What lines of the data include the string "item"? Copy them all.
.....
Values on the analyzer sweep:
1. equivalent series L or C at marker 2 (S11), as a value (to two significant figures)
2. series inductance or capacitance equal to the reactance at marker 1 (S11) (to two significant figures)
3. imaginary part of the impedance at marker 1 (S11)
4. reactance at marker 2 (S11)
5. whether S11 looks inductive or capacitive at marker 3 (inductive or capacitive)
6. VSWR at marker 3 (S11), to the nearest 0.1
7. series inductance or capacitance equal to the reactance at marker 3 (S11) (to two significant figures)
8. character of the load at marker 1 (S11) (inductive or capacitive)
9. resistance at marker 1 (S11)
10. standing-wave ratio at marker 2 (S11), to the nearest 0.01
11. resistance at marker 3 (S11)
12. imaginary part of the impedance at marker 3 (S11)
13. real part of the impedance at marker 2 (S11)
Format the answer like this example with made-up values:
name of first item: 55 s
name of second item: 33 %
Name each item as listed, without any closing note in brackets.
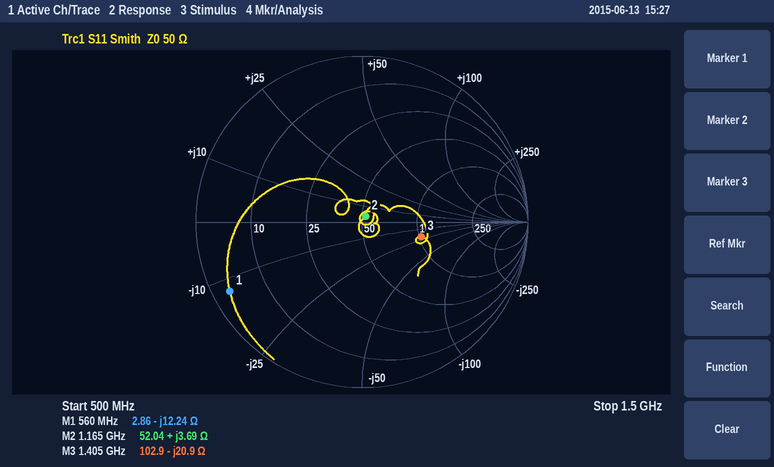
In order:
equivalent series L or C at marker 2 (S11), as a value: 500 pH
series inductance or capacitance equal to the reactance at marker 1 (S11): 23 pF
imaginary part of the impedance at marker 1: -12.24 Ω
reactance at marker 2: +3.69 Ω
whether S11 looks inductive or capacitive at marker 3: capacitive
VSWR at marker 3 (S11), to the nearest 0.1: 2.2
series inductance or capacitance equal to the reactance at marker 3 (S11): 5.4 pF
character of the load at marker 1 (S11): capacitive
resistance at marker 1: 2.86 Ω
standing-wave ratio at marker 2 (S11), to the nearest 0.01: 1.09
resistance at marker 3: 102.9 Ω
imaginary part of the impedance at marker 3: -20.9 Ω
real part of the impedance at marker 2: 52.04 Ω
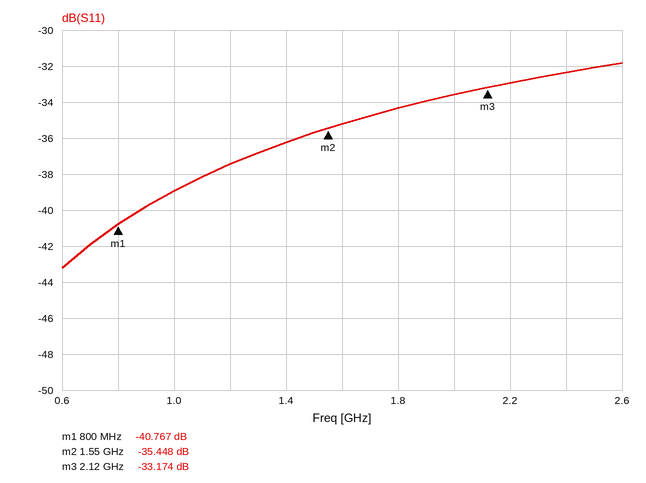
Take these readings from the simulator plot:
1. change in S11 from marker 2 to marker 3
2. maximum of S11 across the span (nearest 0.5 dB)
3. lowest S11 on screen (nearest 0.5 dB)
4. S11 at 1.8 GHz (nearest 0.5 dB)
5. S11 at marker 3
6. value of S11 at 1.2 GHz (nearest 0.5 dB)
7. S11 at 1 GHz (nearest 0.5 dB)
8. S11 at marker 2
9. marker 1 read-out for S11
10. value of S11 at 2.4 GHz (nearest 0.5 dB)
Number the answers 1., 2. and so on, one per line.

1. 2.274 dB
2. -32.0 dB
3. -43.0 dB
4. -34.5 dB
5. -33.174 dB
6. -37.5 dB
7. -39.0 dB
8. -35.448 dB
9. -40.767 dB
10. -32.5 dB
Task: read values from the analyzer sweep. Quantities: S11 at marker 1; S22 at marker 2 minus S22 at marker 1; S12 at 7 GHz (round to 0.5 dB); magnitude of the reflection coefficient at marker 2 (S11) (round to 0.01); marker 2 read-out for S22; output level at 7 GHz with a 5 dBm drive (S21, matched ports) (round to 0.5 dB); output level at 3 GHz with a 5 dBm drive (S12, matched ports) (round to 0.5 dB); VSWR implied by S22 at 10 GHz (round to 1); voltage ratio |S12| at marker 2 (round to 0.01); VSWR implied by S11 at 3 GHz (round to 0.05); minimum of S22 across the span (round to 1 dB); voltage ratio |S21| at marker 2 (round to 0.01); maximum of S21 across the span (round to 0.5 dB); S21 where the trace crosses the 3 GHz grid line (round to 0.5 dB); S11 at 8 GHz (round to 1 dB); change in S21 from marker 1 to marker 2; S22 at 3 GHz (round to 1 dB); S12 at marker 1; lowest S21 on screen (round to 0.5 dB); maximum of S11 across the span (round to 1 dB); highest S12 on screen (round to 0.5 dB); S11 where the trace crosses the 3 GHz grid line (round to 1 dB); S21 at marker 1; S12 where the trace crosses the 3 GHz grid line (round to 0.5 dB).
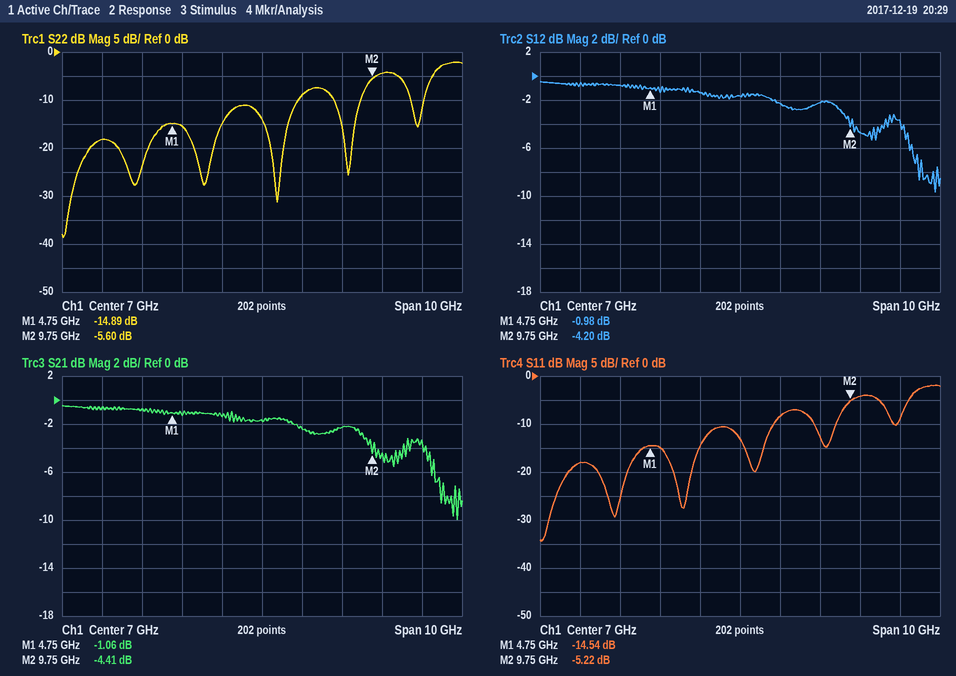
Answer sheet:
-14.54 dB
9.29 dB
-1.5 dB
0.55
-5.60 dB
3.5 dBm
4.5 dBm
4
0.62
1.30
-39 dB
0.60
-0.5 dB
-0.5 dB
-8 dB
-3.35 dB
-18 dB
-0.98 dB
-10.0 dB
-2 dB
-0.5 dB
-18 dB
-1.06 dB
-0.5 dB
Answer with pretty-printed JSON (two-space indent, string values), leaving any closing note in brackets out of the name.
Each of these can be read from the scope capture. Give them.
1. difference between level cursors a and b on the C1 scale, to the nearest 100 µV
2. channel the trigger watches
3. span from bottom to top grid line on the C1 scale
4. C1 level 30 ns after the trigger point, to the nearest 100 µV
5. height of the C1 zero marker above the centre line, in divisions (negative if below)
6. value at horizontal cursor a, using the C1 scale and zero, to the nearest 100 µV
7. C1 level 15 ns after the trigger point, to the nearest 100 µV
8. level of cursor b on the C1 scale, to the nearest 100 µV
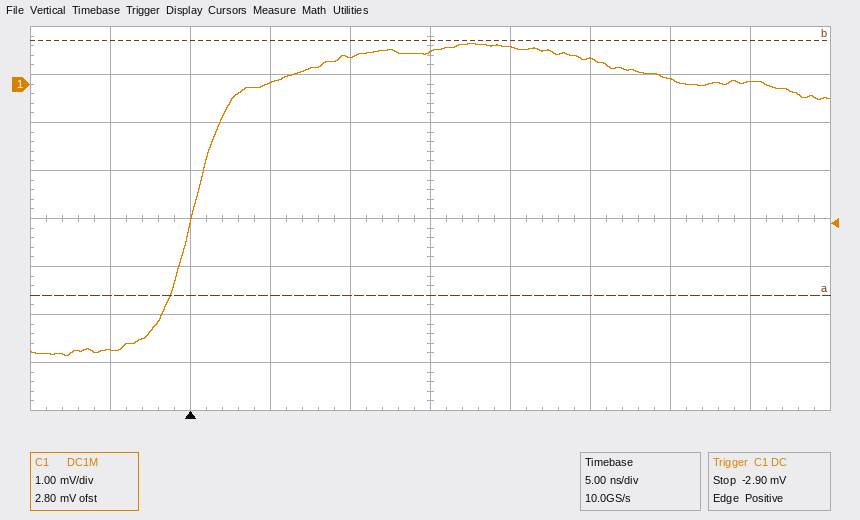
{
  "difference between level cursors a and b on the C1 scale, to the nearest 100 µV": "5.3 mV",
  "channel the trigger watches": "C1",
  "span from bottom to top grid line on the C1 scale": "8 mV",
  "C1 level 30 ns after the trigger point, to the nearest 100 µV": "100 µV",
  "height of the C1 zero marker above the centre line, in divisions": "+2.8 div",
  "value at horizontal cursor a, using the C1 scale and zero, to the nearest 100 µV": "-4.4 mV",
  "C1 level 15 ns after the trigger point, to the nearest 100 µV": "700 µV",
  "level of cursor b on the C1 scale, to the nearest 100 µV": "900 µV"
}
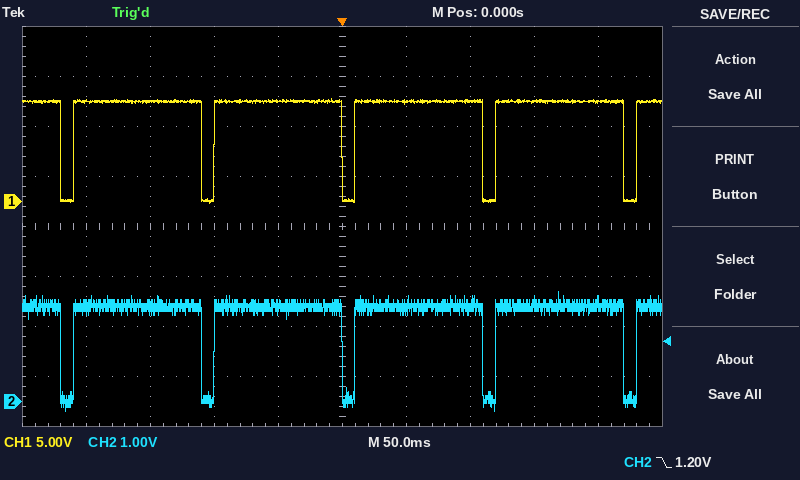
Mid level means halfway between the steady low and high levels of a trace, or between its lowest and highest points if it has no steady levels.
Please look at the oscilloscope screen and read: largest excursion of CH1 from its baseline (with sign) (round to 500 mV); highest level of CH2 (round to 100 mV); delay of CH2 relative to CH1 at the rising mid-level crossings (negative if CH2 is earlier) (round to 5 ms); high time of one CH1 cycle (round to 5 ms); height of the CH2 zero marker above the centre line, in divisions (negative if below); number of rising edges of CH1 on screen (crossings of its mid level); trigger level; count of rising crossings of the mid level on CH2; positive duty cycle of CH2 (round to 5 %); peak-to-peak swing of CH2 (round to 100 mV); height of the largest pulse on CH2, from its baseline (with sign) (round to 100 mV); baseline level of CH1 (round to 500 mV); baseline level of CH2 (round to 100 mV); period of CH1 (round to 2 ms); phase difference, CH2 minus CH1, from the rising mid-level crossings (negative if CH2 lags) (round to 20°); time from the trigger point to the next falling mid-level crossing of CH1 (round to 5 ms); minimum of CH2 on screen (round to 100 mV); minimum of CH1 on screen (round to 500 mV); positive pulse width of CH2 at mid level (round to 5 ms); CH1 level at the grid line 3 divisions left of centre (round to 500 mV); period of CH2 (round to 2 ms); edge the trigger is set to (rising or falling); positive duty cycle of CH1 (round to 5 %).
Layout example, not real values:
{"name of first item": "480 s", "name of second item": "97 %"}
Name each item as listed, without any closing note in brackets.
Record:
{"largest excursion of CH1 from its baseline (with sign)": "-10.0 V", "highest level of CH2": "2.2 V", "delay of CH2 relative to CH1 at the rising mid-level crossings (negative if CH2 is earlier)": "0 ms", "high time of one CH1 cycle": "100 ms", "height of the CH2 zero marker above the centre line, in divisions": "-3.5 div", "number of rising edges of CH1 on screen": "5", "trigger level": "1.20 V", "count of rising crossings of the mid level on CH2": "5", "positive duty cycle of CH2": "90 %", "peak-to-peak swing of CH2": "2.4 V", "height of the largest pulse on CH2, from its baseline (with sign)": "-2.1 V", "baseline level of CH1": "10.0 V", "baseline level of CH2": "1.9 V", "period of CH1": "110 ms", "phase difference, CH2 minus CH1, from the rising mid-level crossings (negative if CH2 lags)": "0°", "time from the trigger point to the next falling mid-level crossing of CH1": "110 ms", "minimum of CH2 on screen": "-200 mV", "minimum of CH1 on screen": "0.0 V", "positive pulse width of CH2 at mid level": "100 ms", "CH1 level at the grid line 3 divisions left of centre": "10.0 V", "period of CH2": "110 ms", "edge the trigger is set to": "falling", "positive duty cycle of CH1": "90 %"}
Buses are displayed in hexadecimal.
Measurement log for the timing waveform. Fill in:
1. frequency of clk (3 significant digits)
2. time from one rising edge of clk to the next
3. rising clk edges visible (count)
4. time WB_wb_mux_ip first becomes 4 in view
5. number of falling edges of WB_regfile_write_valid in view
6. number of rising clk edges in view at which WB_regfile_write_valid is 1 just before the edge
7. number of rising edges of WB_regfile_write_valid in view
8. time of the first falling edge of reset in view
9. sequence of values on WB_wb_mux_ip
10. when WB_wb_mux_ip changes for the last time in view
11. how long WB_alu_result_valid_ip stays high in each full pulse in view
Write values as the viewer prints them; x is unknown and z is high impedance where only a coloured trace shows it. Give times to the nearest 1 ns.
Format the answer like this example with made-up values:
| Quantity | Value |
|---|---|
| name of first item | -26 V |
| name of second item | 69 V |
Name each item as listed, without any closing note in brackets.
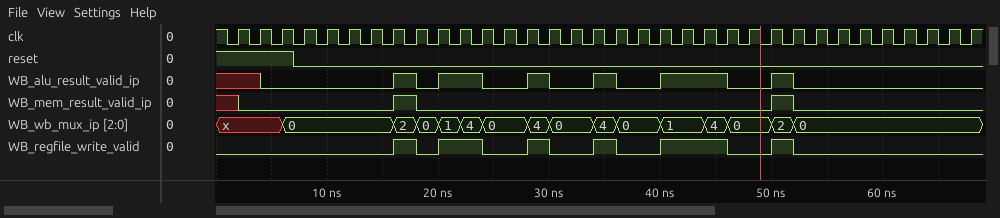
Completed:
| Quantity | Value |
|---|---|
| frequency of clk | 500 MHz |
| time from one rising edge of clk to the next | 2 ns |
| rising clk edges visible | 34 |
| time WB_wb_mux_ip first becomes 4 in view | 22 ns |
| number of falling edges of WB_regfile_write_valid in view | 6 |
| number of rising clk edges in view at which WB_regfile_write_valid is 1 just before the edge | 9 |
| number of rising edges of WB_regfile_write_valid in view | 6 |
| time of the first falling edge of reset in view | 7 ns |
| sequence of values on WB_wb_mux_ip | x, 0, 2, 0, 1, 4, 0, 4, 0, 4, 0, 1, 4, 0, 2, 0 |
| when WB_wb_mux_ip changes for the last time in view | 52 ns |
| how long WB_alu_result_valid_ip stays high in each full pulse in view | 2 ns, 4 ns, 2 ns, 2 ns, 6 ns, 2 ns |
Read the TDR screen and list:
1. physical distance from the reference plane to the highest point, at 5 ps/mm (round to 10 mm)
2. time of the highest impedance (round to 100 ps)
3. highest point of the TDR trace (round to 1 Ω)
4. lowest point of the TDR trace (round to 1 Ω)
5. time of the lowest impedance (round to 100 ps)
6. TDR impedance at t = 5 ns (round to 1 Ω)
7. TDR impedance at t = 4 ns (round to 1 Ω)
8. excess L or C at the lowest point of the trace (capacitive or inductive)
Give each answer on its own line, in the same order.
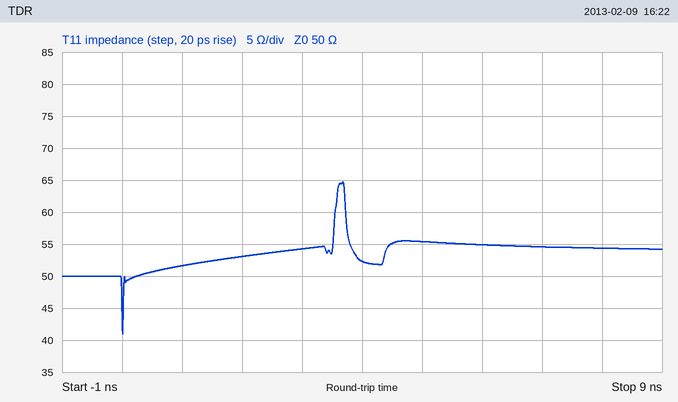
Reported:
370 mm
3.7 ns
65 Ω
41 Ω
0.0 ns
55 Ω
52 Ω
capacitive
.....
◆ Task response
name of first item: 55 s
name of second item: 33 %
Name each item as listed, without any closing note in brackets.
{"name of first item": "480 s", "name of second item": "97 %"}
Name each item as listed, without any closing note in brackets.
| name of first item | -26 V |
| name of second item | 69 V |
Name each item as listed, without any closing note in brackets.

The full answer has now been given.